気が付けば教室の窓からプラリスの方向をぼんやり見ては、ため息ばかり吐いている。
「そんなに気になるのなら、いっそのこと会いに行けば?」
「え?」
「その指輪を使えば、ひとっ飛びなんでしょ?」
「だ、ダメよ! そういう使い方はしないの」
「そうなの?」
「そうなの! 私欲では使いたくないから。それに、殿下はお仕事中なんだもの。それなのにいきなり会いに行ったりしたら迷惑よ」
「そうかしらねえ? 喜ぶと思うけど……。まあ、エリカがいいならいいわ。それに手紙ではお元気そうだったのよね?」
「ええ。全て順調だって。今頃は帰路についているはずだから、もうすぐ戻ってくるはずよ」
心配してくれるリザベルに笑顔を向けて、次の授業の準備に取り掛かる。
大切な親友なのに内緒にしていることが多くて本当は心苦しいけれど、リザベルも何となく察してくれているのかあまり突っ込んではこない。
「リザベル、いつもありがとう。大好きよ」
「あら、もちろん知っているわ。わたしも大好きだから」
二人で改めて友情を確かめ合うと、すぐそばにいた誰かが鼻で笑った。
振り仰げば、やっぱりマティアス。
殿下に置いて行かれたからって八つ当たりしないでほしいわ。
これ見よがしにリザベルの手を握って、ふんっと鼻で笑い返すと、マティアスはむっと顔をしかめた。
そこで始業の鐘が鳴って、無言の戦いは終了。
最後にひと睨みしてから席に戻っていくマティアスを睨み返すと、リザベルが大きくため息を吐いた。
だけどそれだけで何も言わないのは、わたしもマティアスも苛々してしまっているのをわかってくれているからだわ。
しかも今はわたしたちだけじゃなく、学院全体が落ち着かない。
貴族士族が半数以上を占めるこの学院の生徒たちは、王宮内に流れる不穏な空気が伝わってきているのかも。
何がというわけでなく、何かがおかしいって。
だからって、わたしにもの問いたげな視線をちらちら向けるのはやめてほしいわ。
まあ、直接訊かれても困るけど。
そして、それはマティアスも同様みたい。
ここ最近のマティアスの「話しかけるな」オーラはわたしより酷いもの。
でもひょっとして、マティアスが苛立っているのは別のことが原因かも。
わたしがお母様から昨日告げられたばかりのことを知っている可能性もあるわよね。
殿下が戻り次第、結婚式の日取りを決めることになるって。
わたしもまさかこんなに早くなるなんて思いもしなかった。
もちろん嫌なわけじゃないし、覚悟を決めたつもりでもあったけれど、それとは別に、まだ心の準備ができていないみたい。

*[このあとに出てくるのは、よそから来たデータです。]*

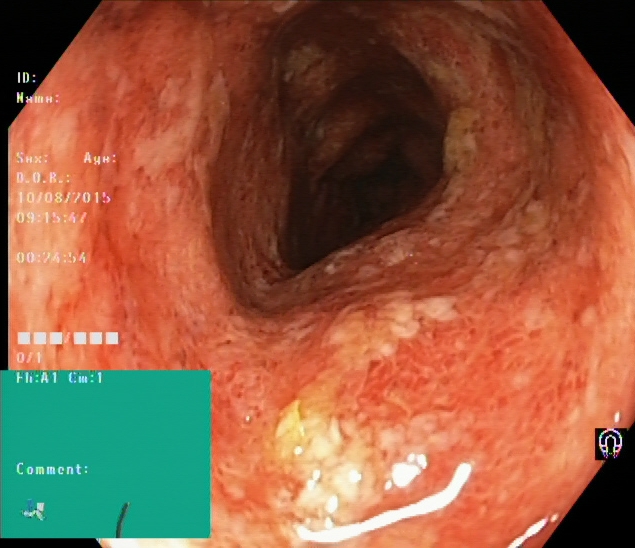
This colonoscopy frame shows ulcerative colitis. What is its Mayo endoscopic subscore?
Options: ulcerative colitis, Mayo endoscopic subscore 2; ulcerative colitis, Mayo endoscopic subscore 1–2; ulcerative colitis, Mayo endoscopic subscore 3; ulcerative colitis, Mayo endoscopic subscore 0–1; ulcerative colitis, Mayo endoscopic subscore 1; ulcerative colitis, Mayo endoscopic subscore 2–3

ulcerative colitis, Mayo endoscopic subscore 2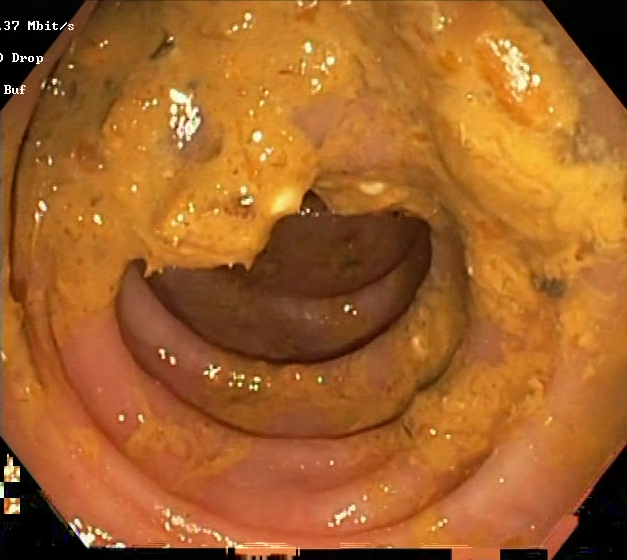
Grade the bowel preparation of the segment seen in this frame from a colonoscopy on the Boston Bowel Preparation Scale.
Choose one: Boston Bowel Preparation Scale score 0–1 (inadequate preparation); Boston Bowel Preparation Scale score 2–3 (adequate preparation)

Boston Bowel Preparation Scale score 0–1 (inadequate preparation)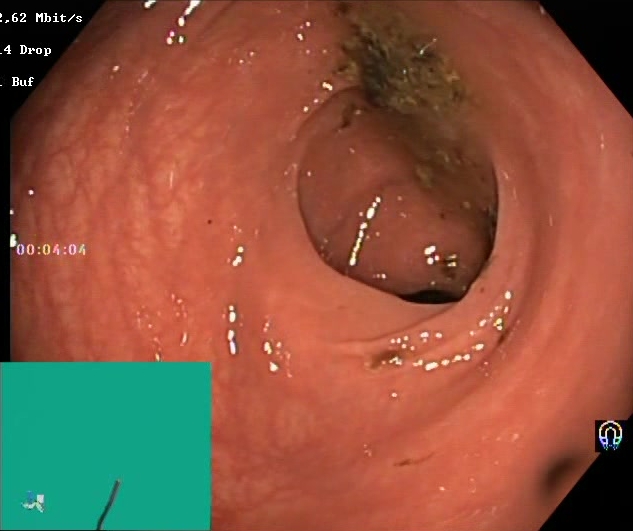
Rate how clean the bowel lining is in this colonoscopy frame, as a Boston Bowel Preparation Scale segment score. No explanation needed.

Boston Bowel Preparation Scale score 0–1 (inadequate preparation)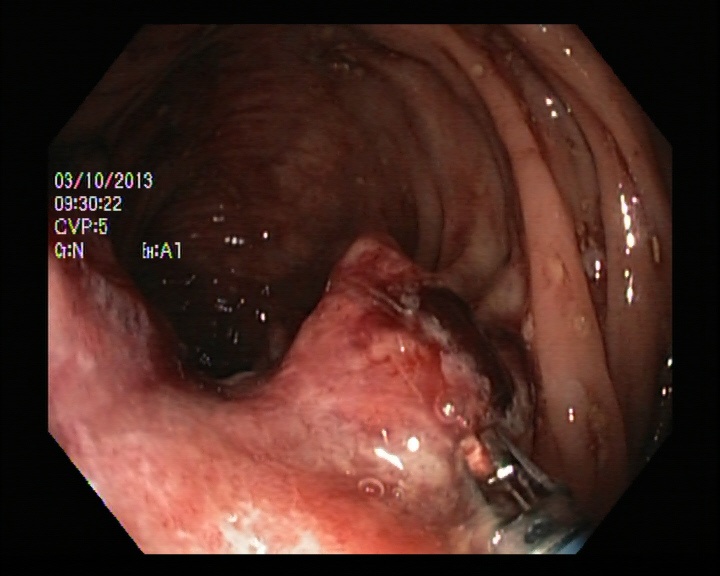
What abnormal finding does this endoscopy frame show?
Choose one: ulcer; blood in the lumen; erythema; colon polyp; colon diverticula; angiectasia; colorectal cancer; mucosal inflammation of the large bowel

colorectal cancer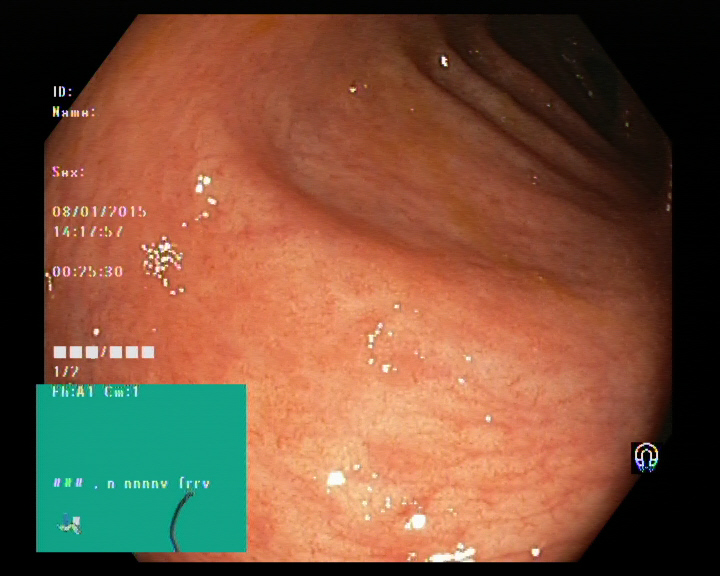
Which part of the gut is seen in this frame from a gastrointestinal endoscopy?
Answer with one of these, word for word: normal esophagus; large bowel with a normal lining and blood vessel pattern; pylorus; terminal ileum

large bowel with a normal lining and blood vessel pattern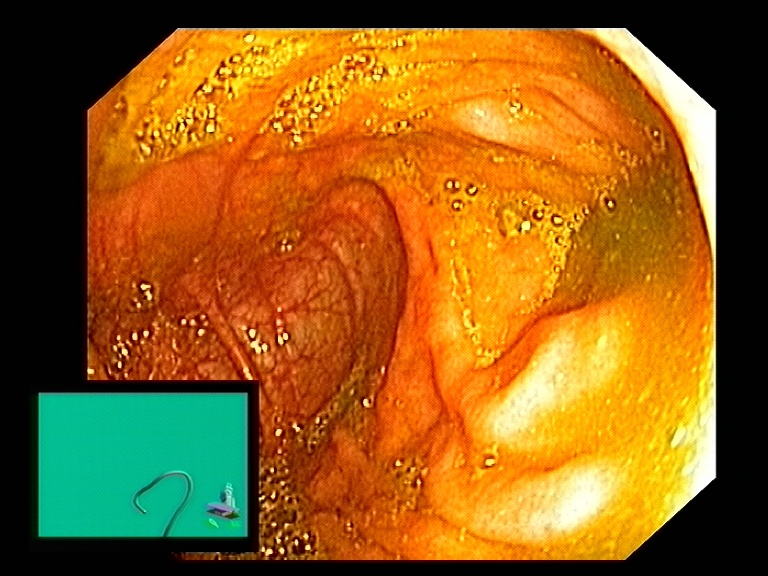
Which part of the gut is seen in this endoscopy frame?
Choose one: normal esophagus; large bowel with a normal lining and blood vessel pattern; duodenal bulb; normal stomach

large bowel with a normal lining and blood vessel pattern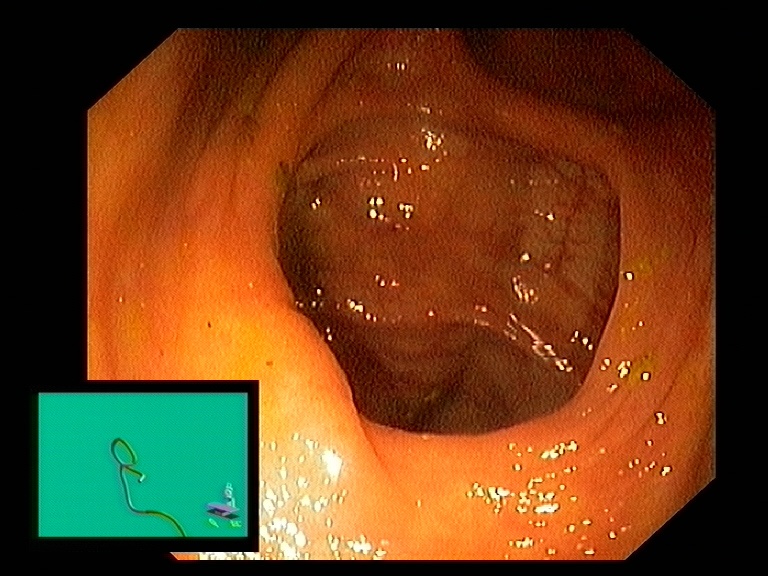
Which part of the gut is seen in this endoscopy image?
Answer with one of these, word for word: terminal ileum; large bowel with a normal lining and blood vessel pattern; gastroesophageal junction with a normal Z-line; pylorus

large bowel with a normal lining and blood vessel pattern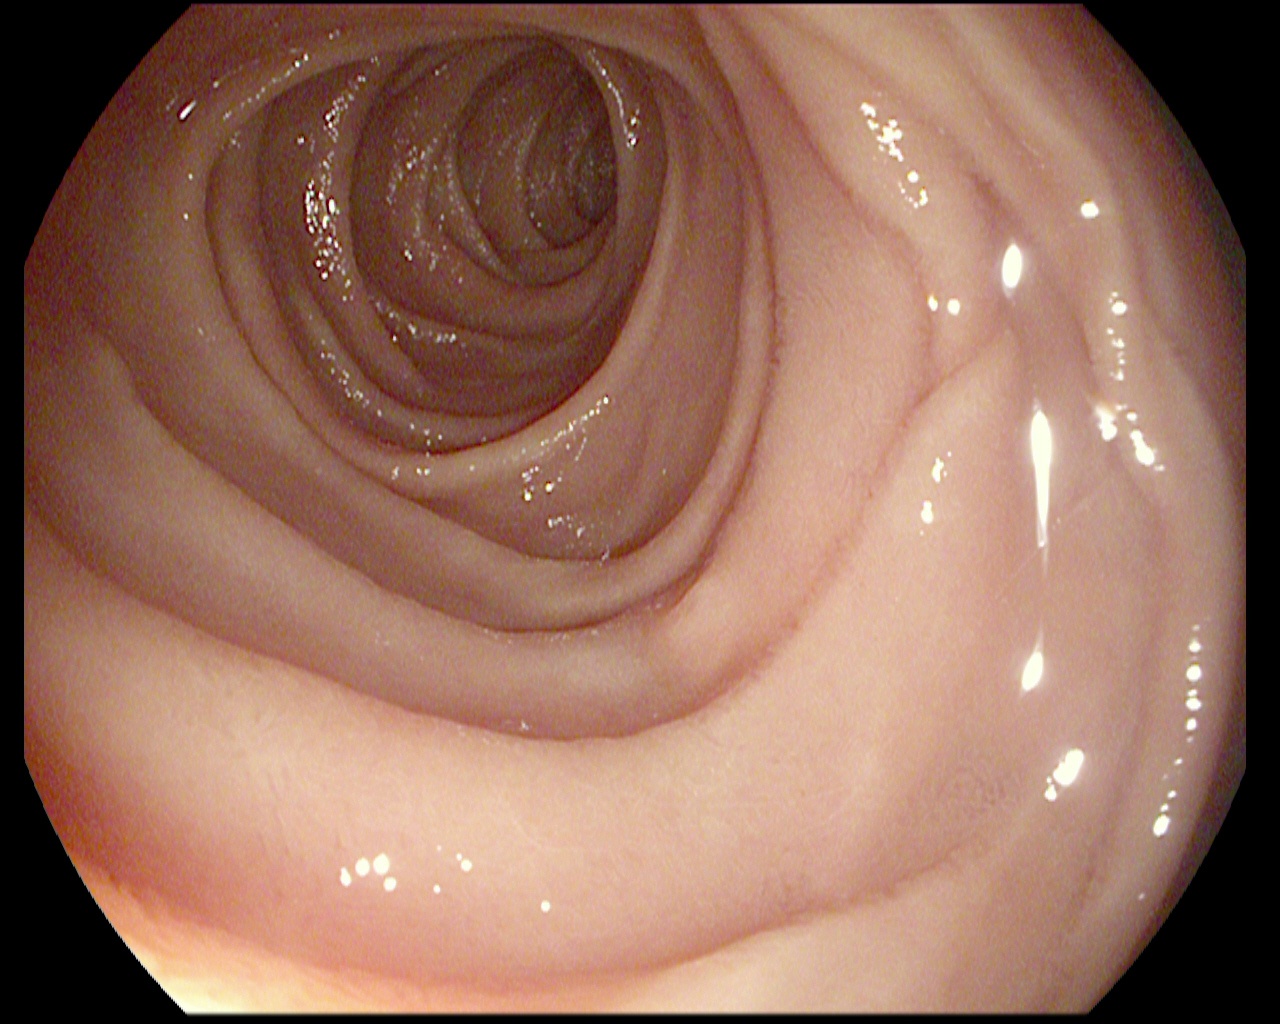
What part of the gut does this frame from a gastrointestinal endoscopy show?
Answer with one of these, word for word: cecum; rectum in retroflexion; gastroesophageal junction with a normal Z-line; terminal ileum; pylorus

terminal ileum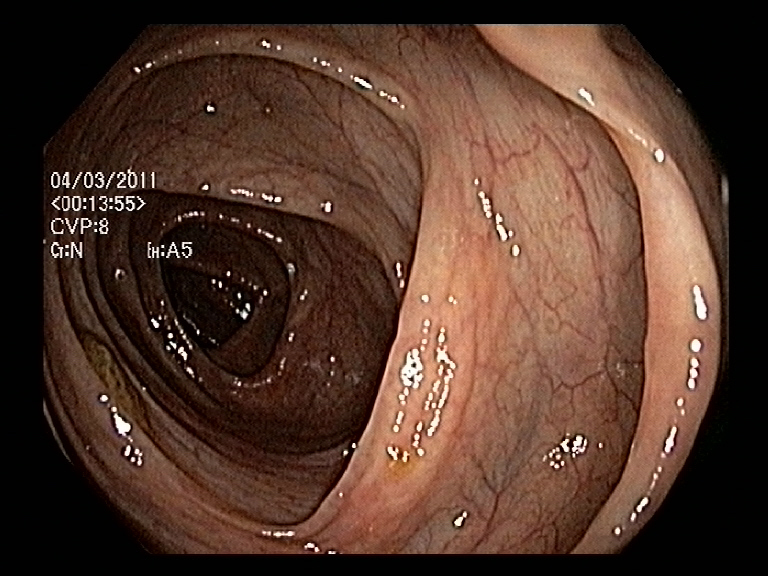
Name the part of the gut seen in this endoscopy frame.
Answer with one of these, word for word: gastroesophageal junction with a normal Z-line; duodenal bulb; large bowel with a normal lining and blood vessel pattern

large bowel with a normal lining and blood vessel pattern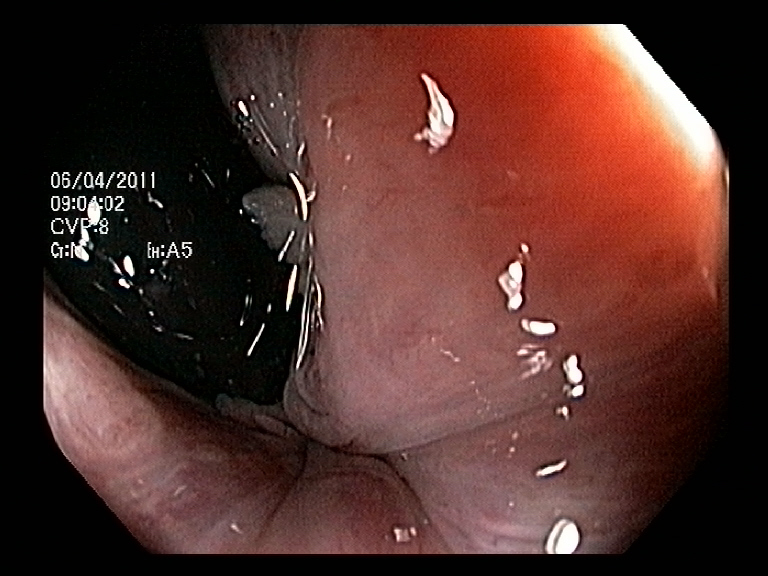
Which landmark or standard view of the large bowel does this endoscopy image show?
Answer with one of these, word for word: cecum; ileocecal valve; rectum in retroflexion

rectum in retroflexion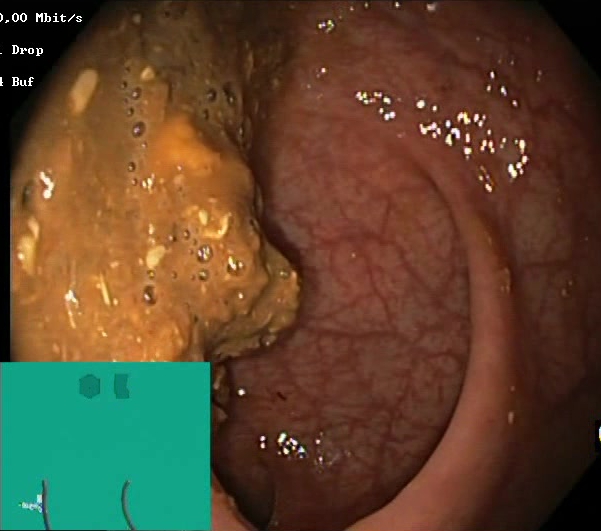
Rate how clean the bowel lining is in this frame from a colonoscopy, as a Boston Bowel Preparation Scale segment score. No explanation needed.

Boston Bowel Preparation Scale score 0–1 (inadequate preparation)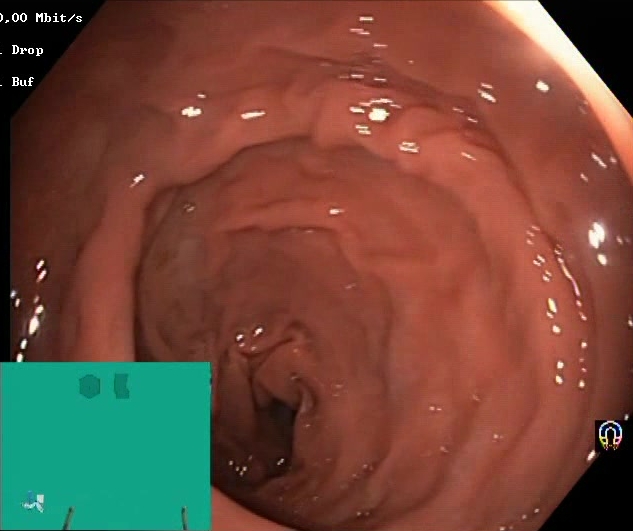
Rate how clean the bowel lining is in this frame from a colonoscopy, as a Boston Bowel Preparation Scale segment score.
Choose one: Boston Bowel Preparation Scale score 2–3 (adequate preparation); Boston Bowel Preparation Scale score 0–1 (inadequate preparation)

Boston Bowel Preparation Scale score 2–3 (adequate preparation)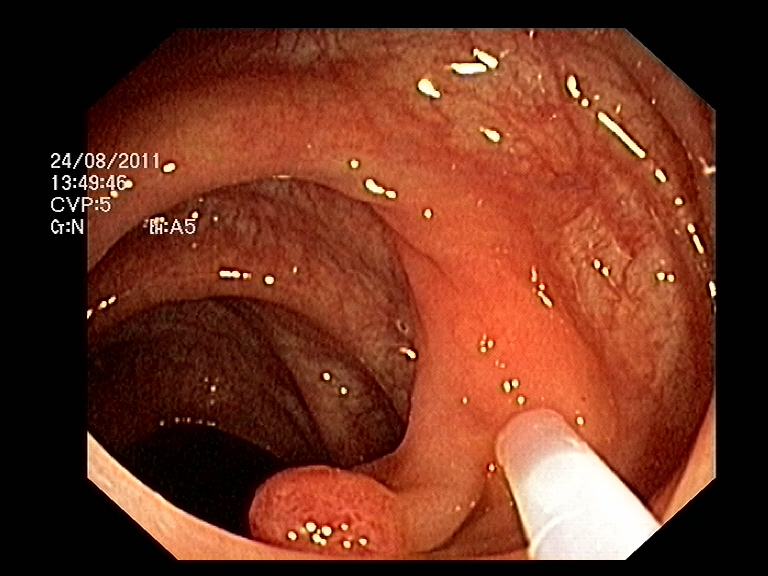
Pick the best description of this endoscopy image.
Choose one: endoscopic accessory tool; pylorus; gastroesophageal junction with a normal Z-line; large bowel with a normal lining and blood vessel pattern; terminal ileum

endoscopic accessory tool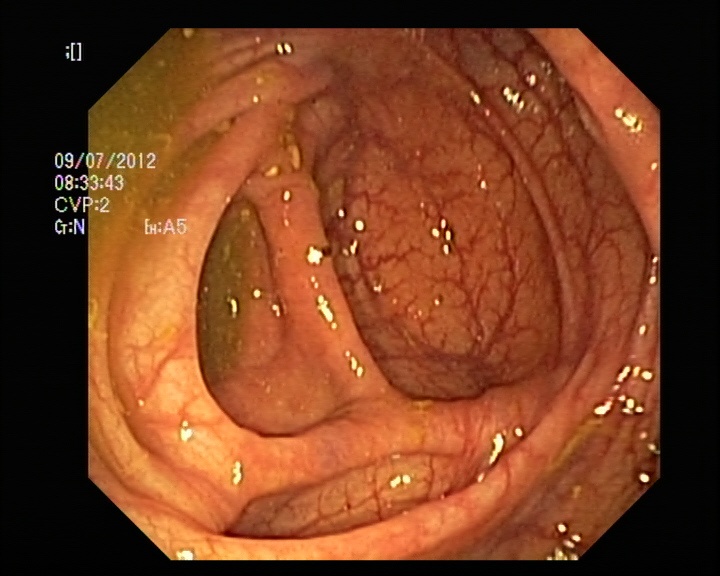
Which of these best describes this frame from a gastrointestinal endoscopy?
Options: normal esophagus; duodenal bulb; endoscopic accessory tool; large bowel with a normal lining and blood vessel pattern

large bowel with a normal lining and blood vessel pattern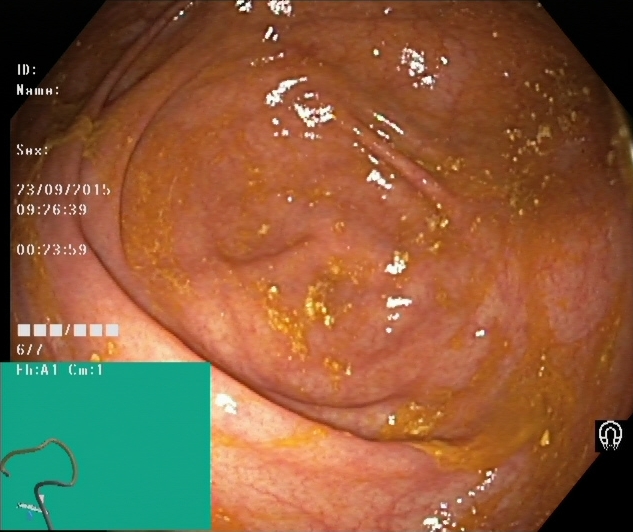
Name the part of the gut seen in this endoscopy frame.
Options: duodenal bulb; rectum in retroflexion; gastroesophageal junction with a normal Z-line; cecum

cecum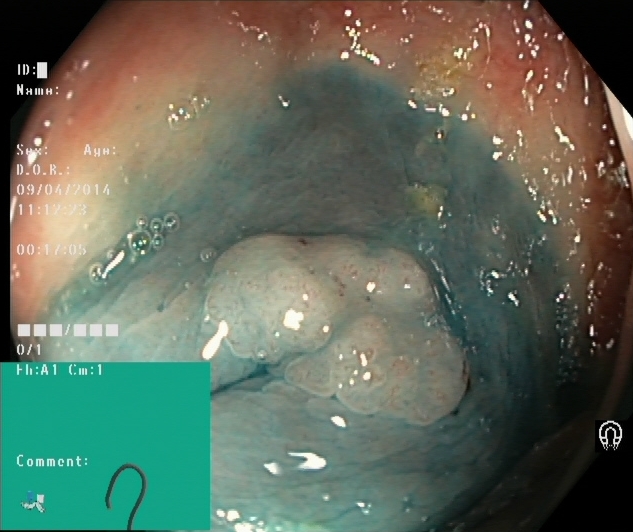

だって、もう結婚だなんて全然実感がわかないんだもの。
学院もやめないといけないでしょうし。
せっかくコレットさんやルナさんとも仲良くなれたのに、すごくすごく残念。
だけど友達はどこにいても友達だし、女学院に進んだ子たちとも友情は続いているんだから大丈夫。
うん。頑張るって決めたんだから、うじうじ考えたって仕方ないわ。
殿下の力になれるなら、結婚だって何だってするんだから!
と熱くなって顔を上げると、先生と目が合って慌てて教本を見るふりをする。
あの先生、目が合うと当ててくるのよね。危なかったわ。
とにかくわたしの役目は妃殿下の権勢を削ぐこと。
王太子殿下が退位されて妃殿下が公爵夫人になったとしても、ヴィクトル殿下の生母としての立場は変わらないものね。
それが妃殿下の強み。
でもわたしが王太子妃になれば、女性最高位として上に立てる。
それは色々な意味で怖いけれど、必要なことだから。
もう一つの役目は、ヴィクトル殿下が妃殿下の実子というだけで反感を持ったり、警戒している人たちを納得させること。
わたしと――エリカ・アンドールと結婚することによって、アンドール侯爵が殿下の後見につくと示せるから。
殿下ほど立派な人はいなんだから、その人たちもすぐにわかってくれるはず。
わたしだって初めは誤解していたしね。
先生の話を右から左に聞き流しながらそんなことを考えているうちに終業の鐘が鳴った。
よかった。当てられなくて。
お昼はお弁当を頂いて、いつものようにラウンジで珈琲を飲んだあとは化粧室へと向かう。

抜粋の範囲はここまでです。